===== PROVIDED MATERIAL

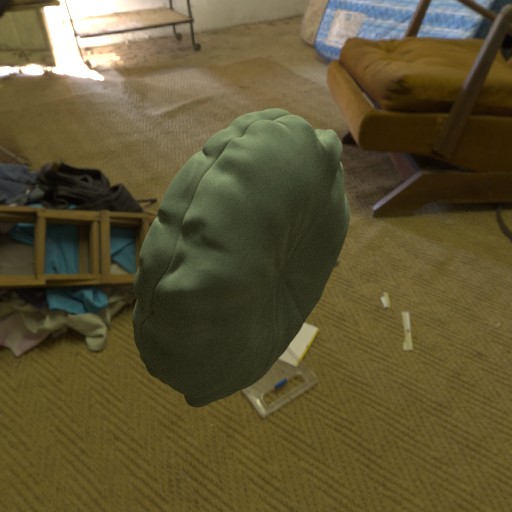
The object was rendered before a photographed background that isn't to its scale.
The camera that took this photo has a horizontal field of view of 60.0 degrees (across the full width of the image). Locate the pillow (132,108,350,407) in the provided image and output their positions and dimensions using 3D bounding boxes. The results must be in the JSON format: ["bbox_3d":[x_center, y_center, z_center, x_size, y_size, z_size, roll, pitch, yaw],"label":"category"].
[{"bbox_3d":[0.000,0.000,0.646,0.148,0.407,0.428,25,46,27],"label":"pillow"}]

==========

DIRECTIONS: When copying the material, leave every image behind and keep each line verbatim.

OUTPUT:
The object was rendered before a photographed background that isn't to its scale.
The camera that took this photo has a horizontal field of view of 60.0 degrees (across the full width of the image). Locate the pillow (132,108,350,407) in the provided image and output their positions and dimensions using 3D bounding boxes. The results must be in the JSON format: ["bbox_3d":[x_center, y_center, z_center, x_size, y_size, z_size, roll, pitch, yaw],"label":"category"].
[{"bbox_3d":[0.000,0.000,0.646,0.148,0.407,0.428,25,46,27],"label":"pillow"}]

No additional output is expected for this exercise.